The e-208 was one of the cars to kick off Peugeot’s original EV plans, but to keep things current the French firm has given it a tweak.

The exterior may be a little different, but it’s underneath where the big changes have been made. Fortunately, they’re all aimed at making the e-208 even more usable - so let’s take a look and see what’s going on.

Yellow Peugeot e-208

What’s new?

As we’ve touched upon, Peugeot has tweaked the exterior of the e-208, implementing its latest lighting signature while offering more alloy wheel designs and a greater variety of colours than before. We never had an issue with the way the ‘old’ e-208 looked, so these edits only help to strengthen what was already a very strong package design-wise.

Inside, Peugeot has pushed to make the e-208 feel more upmarket with plusher materials and more technology than before. In fact, all versions - regardless of specification - come equipped with a larger 10-inch infotainment screen which has loads of functionality and is easy to use.

What’s under the bonnet?

It’s underneath where things are taking a big change. Peugeot has fitted a slightly larger battery to the e-208 - though curiously it’ll still be available with the ‘old’, smaller version - which frees up a range of up to 248 miles instead of the 225 miles you’ll get in the standard car.

There’s more power, too, with 154bhp being delivered rather than 134bhp. We’ll admit that these are hardly massive advances, but any extra range is always a good thing in the electric car world, while the additional boost in power adds a little extra zip to the e-208. It’s got a maximum charge rating of 100kW, too, which means a 30-minute charge to go from 10 to 80 per cent. A full charge via a standard 7kW home charger will take seven-and-a-half hours, too.

Yellow Peugeot e-208

What’s it like to drive?

The e-208 has always been a good car to drive which is why it’s pleasing that Peugeot hasn’t altered the experience you get from behind the wheel. It’s always brought a good compromise between comfort and body control and this is still present, with the e-208 managing to deal with potholes and poor road conditions well.

The extra boost from the electric motor is welcome, too, but it still feels pleasantly ‘normal’. We’ve become quite accustomed to electric vehicles with some seriously high power outputs, but the e-208’s more regular performance makes it more relaxing and easier to drive. Visibility is great too and, because of the e-208’s compact size, it’s a breeze to park and drive around narrow streets.

How does it look?

As we’ve touched upon, few could criticise the way the e-208 looked, so it’s understandable why Peugeot hasn’t messed with the formula too much. It’s still a very pleasantly compact EV, with rounded proportions which seem to hint at the classic hatchbacks from Peugeot’s back catalogue.

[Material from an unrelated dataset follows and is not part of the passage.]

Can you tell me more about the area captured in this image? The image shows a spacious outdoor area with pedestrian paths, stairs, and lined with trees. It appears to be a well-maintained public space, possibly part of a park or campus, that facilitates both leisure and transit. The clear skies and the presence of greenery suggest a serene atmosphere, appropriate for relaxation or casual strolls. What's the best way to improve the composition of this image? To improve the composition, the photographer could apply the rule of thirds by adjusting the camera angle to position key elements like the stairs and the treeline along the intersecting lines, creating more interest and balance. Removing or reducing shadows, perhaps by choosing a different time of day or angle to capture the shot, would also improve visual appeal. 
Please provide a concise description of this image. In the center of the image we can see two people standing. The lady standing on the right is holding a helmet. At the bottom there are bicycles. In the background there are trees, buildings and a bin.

How to tell this new version apart from its predecessor? For starters, you’ve got Peugeot’s updated ‘shield’ logo at the front and rear, while the French firm’s latest ‘claw’ lights are equipped at the front. The LED inside the rear lights have also been tweaked, giving them a more complex, futuristic look.

Yellow Peugeot e-208
Yellow Peugeot e-208 interior

What’s it like inside?

Peugeot makes no bones about its more premium aspirations and that’s quite evident in the e-208’s cabin. It feels particularly upmarket for a small car and while there are some areas trimmed in less-than-desirable plastics, there are plenty of soft-touch materials used throughout. We also like the latest interpretation of the i-toggle system, which allows you to configure the screen below the main infotainment to show those most needed functions and get quick access to them.

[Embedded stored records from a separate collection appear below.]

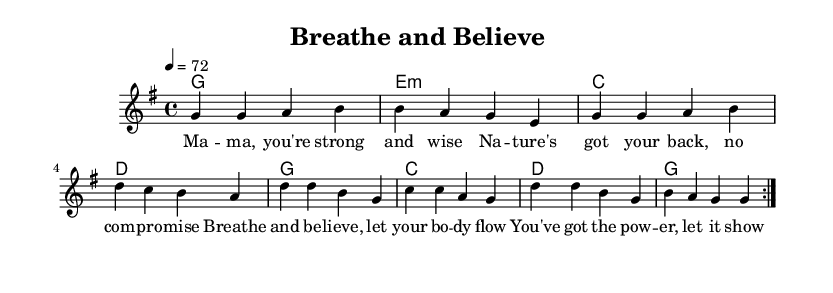What is the key signature of this music? The key signature is G major, which includes one sharp (F#). This can be identified by looking at the key signature displayed at the beginning of the staff.
Answer: G major What is the time signature of this piece? The time signature is 4/4, which means there are four beats in each measure and the quarter note gets one beat. This is indicated at the beginning of the score.
Answer: 4/4 What is the tempo marking of the piece? The tempo marking is indicated as 4 = 72, meaning there are 72 quarter-note beats per minute. This provides guidance on the speed at which the piece should be played.
Answer: 72 How many measures are in the repeated section? The repeated section contains eight measures in total. This can be counted from the repeats shown in both the melody and chord sections.
Answer: 8 What is the first lyric line of the verse? The first lyric line states "Ma -- ma, you're strong and wise". This can be seen by examining the lyrics written under the melody in the score.
Answer: Ma -- ma, you're strong and wise What chords are used in the chorus section? The chords used in the repeated section are G, E minor, C, and D. These can be identified by looking at the chord names written above the measures in the score.
Answer: G, E minor, C, D What type of music does this piece represent? This piece represents reggae music, characterized by its rhythmic style and themes of empowerment and nature. It fits into the reggae genre due to its upbeat and positive lyrical content.
Answer: Reggae 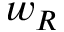Convert formula to latex. <formula><loc_0><loc_0><loc_500><loc_500>w _ { R }</formula> 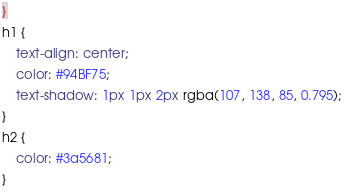Convert code to text. <code><loc_0><loc_0><loc_500><loc_500><_CSS_>}
h1 {
    text-align: center;
    color: #94BF75;
    text-shadow: 1px 1px 2px rgba(107, 138, 85, 0.795);
}
h2 {
    color: #3a5681;
}</code> 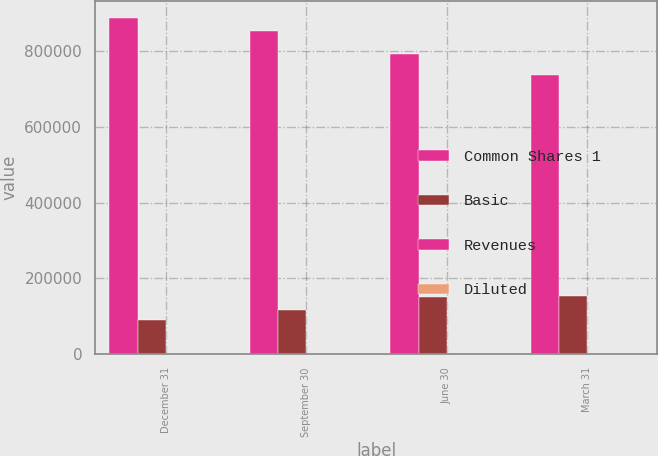<chart> <loc_0><loc_0><loc_500><loc_500><stacked_bar_chart><ecel><fcel>December 31<fcel>September 30<fcel>June 30<fcel>March 31<nl><fcel>Common Shares 1<fcel>888464<fcel>853036<fcel>792792<fcel>736337<nl><fcel>Basic<fcel>90923<fcel>116546<fcel>151625<fcel>152635<nl><fcel>Revenues<fcel>0.6<fcel>0.77<fcel>1<fcel>1.01<nl><fcel>Diluted<fcel>0.57<fcel>0.74<fcel>0.96<fcel>0.96<nl></chart> 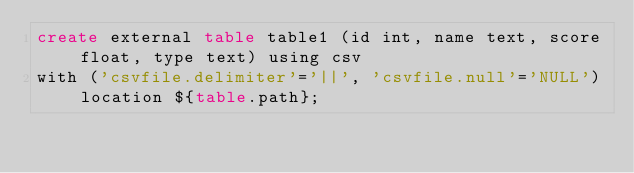<code> <loc_0><loc_0><loc_500><loc_500><_SQL_>create external table table1 (id int, name text, score float, type text) using csv
with ('csvfile.delimiter'='||', 'csvfile.null'='NULL') location ${table.path};

</code> 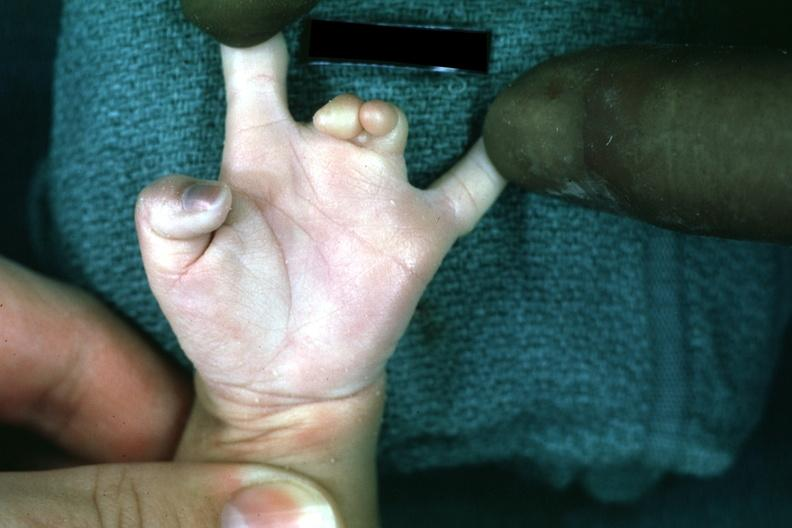what is present?
Answer the question using a single word or phrase. Hand 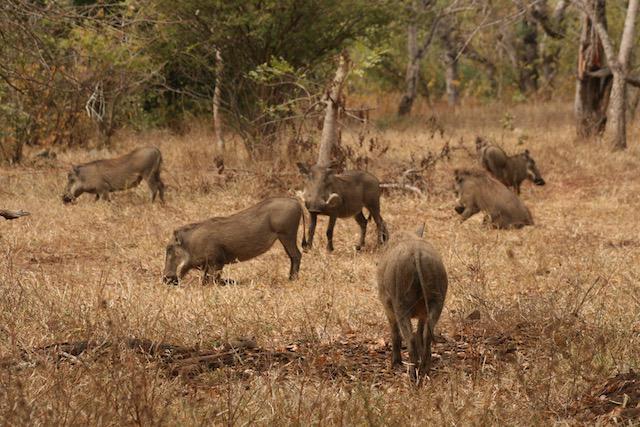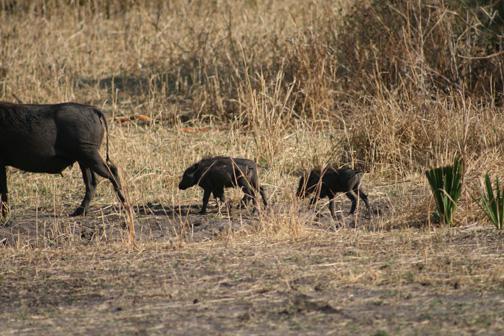The first image is the image on the left, the second image is the image on the right. For the images shown, is this caption "One image contains no more than three animals." true? Answer yes or no. No. 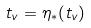Convert formula to latex. <formula><loc_0><loc_0><loc_500><loc_500>t _ { v } = \eta _ { * } ( t _ { v } )</formula>

Space, in such a small car, isn’t the most plentiful with rear headroom being particularly tight. But it’s all well packaged and ergonomically thought-through. You do get a decent 309 litres of boot space, mind you, expandable to 1,118 litres with the seats folded down.

What’s the spec like?

All levels of the Peugeot e-208 get an impressive level of standard equipment. Entry-level Active cars, for example, benefit from a leather-trimmed steering wheel, the aforementioned 10-inch infotainment display and parking sensors. Climate control is thrown in too, as is Peugeot’s i-Cockpit system with its digital instrument cluster and compact steering wheel.

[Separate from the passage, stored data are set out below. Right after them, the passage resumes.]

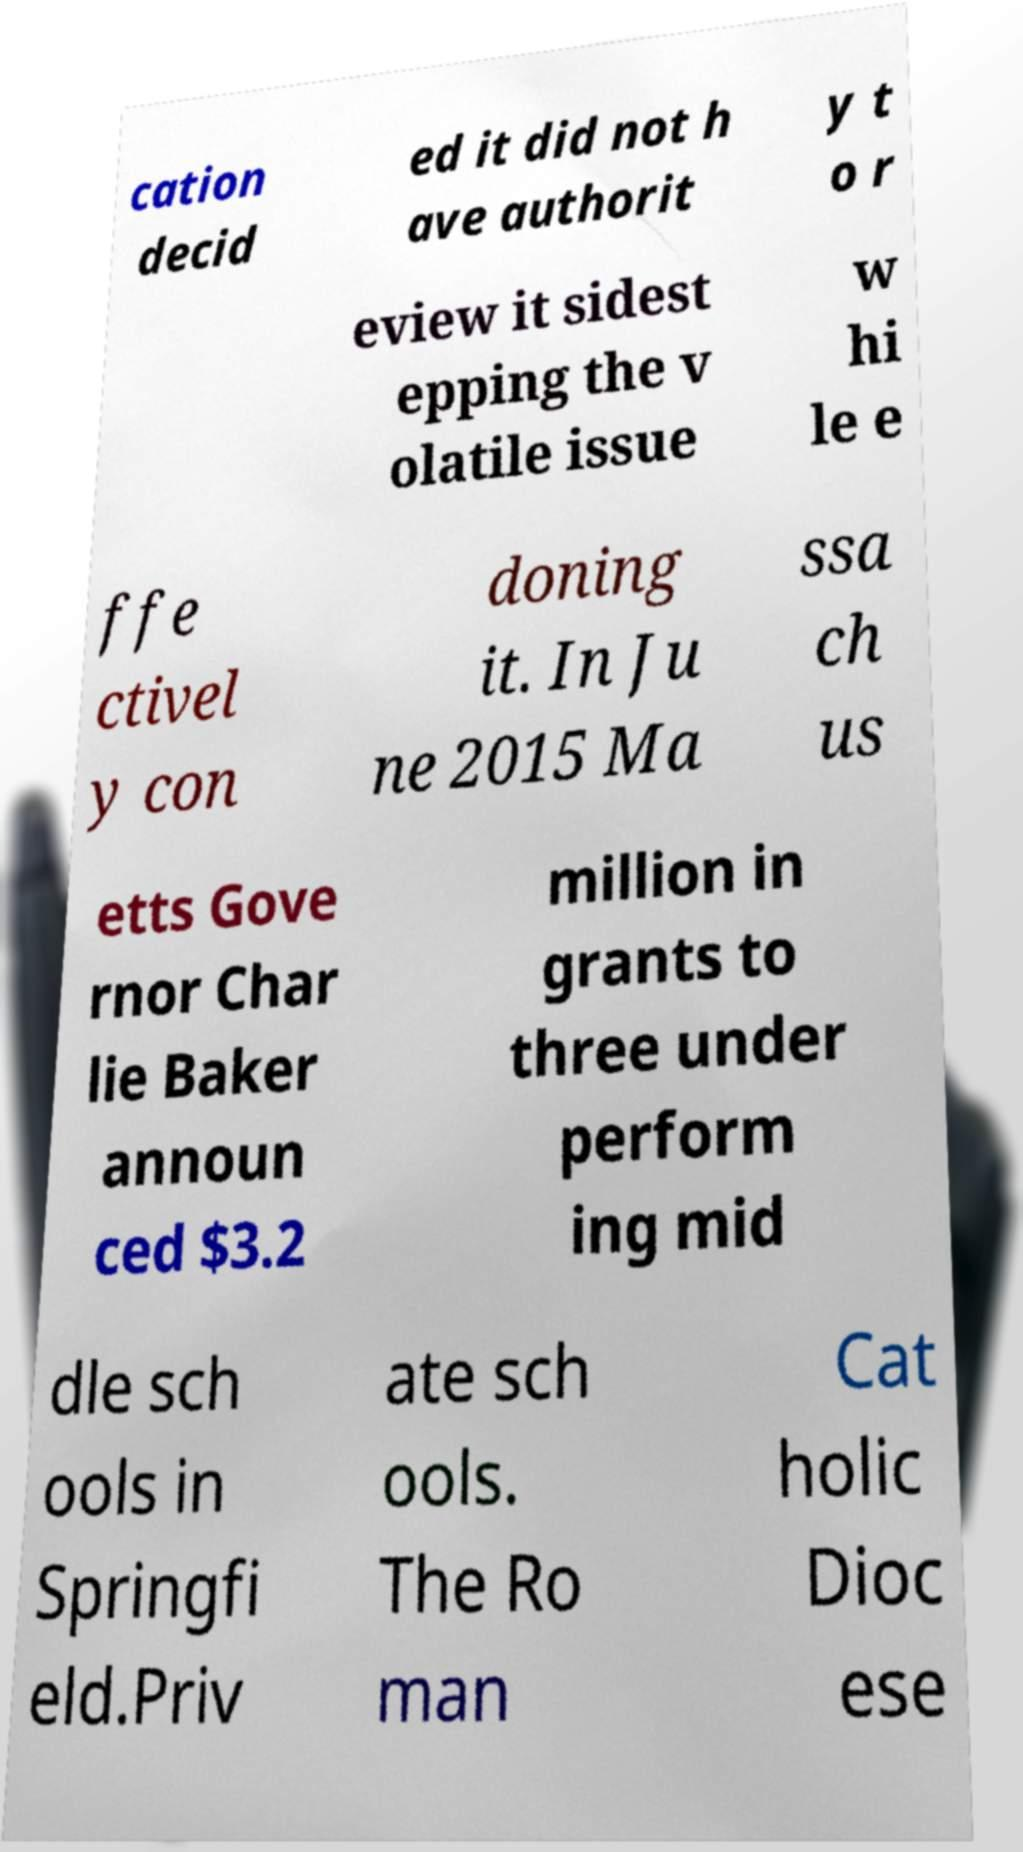For documentation purposes, I need the text within this image transcribed. Could you provide that? cation decid ed it did not h ave authorit y t o r eview it sidest epping the v olatile issue w hi le e ffe ctivel y con doning it. In Ju ne 2015 Ma ssa ch us etts Gove rnor Char lie Baker announ ced $3.2 million in grants to three under perform ing mid dle sch ools in Springfi eld.Priv ate sch ools. The Ro man Cat holic Dioc ese 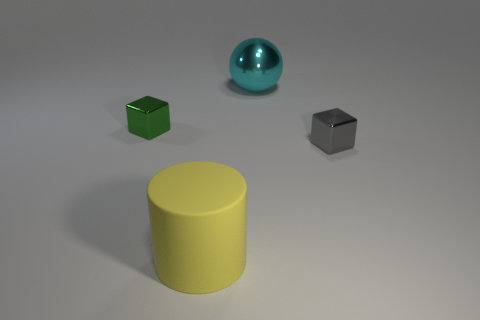What number of cubes are in front of the small cube that is behind the small gray metallic cube?
Provide a short and direct response. 1. What number of blue objects are metallic objects or cylinders?
Make the answer very short. 0. What is the shape of the metal thing that is in front of the metal object left of the metal object that is behind the green thing?
Offer a very short reply. Cube. What is the color of the other metallic cube that is the same size as the gray metallic cube?
Your answer should be very brief. Green. What number of other tiny metal objects have the same shape as the tiny green thing?
Your answer should be compact. 1. There is a cyan thing; is it the same size as the cube that is on the left side of the cylinder?
Offer a very short reply. No. There is a small metal object to the right of the shiny cube that is left of the gray object; what is its shape?
Your response must be concise. Cube. Are there fewer tiny gray metallic cubes that are to the left of the small gray metallic object than tiny blocks?
Keep it short and to the point. Yes. How many other blocks have the same size as the green metal cube?
Offer a terse response. 1. What is the shape of the big thing in front of the green metallic object?
Offer a terse response. Cylinder. 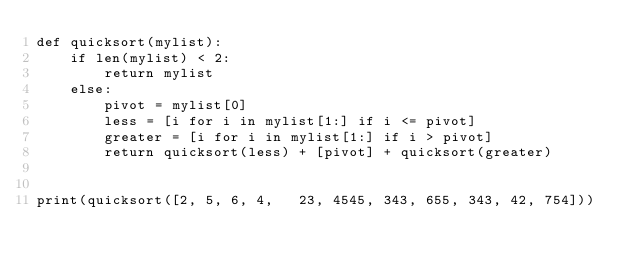Convert code to text. <code><loc_0><loc_0><loc_500><loc_500><_Python_>def quicksort(mylist):
    if len(mylist) < 2:
        return mylist
    else:
        pivot = mylist[0]
        less = [i for i in mylist[1:] if i <= pivot]
        greater = [i for i in mylist[1:] if i > pivot]
        return quicksort(less) + [pivot] + quicksort(greater)


print(quicksort([2, 5, 6, 4,   23, 4545, 343, 655, 343, 42, 754]))
</code>

We tested the e-208 in top-spec GT trim, which brings a host of additions such as 17-inch diamond-cut alloy wheels and smatterings of gloss black detailing on the outside for a more undercover appearance. However, you’re unlikely to be disappointed with any of the specifications and the standard equipment they bring.

Yellow Peugeot e-208 interior


The e-208 was already a fine electric car and these changes have only made things better. More range is never a bad thing in an EV and though the uplift might be quite compact it’s enough to add a little extra usability to this compact battery-powered model.

Plenty of equipment as standard and sharp exterior detailing only help to strengthen the package, continuing the e-208’s prowess as one of the best small EVs about.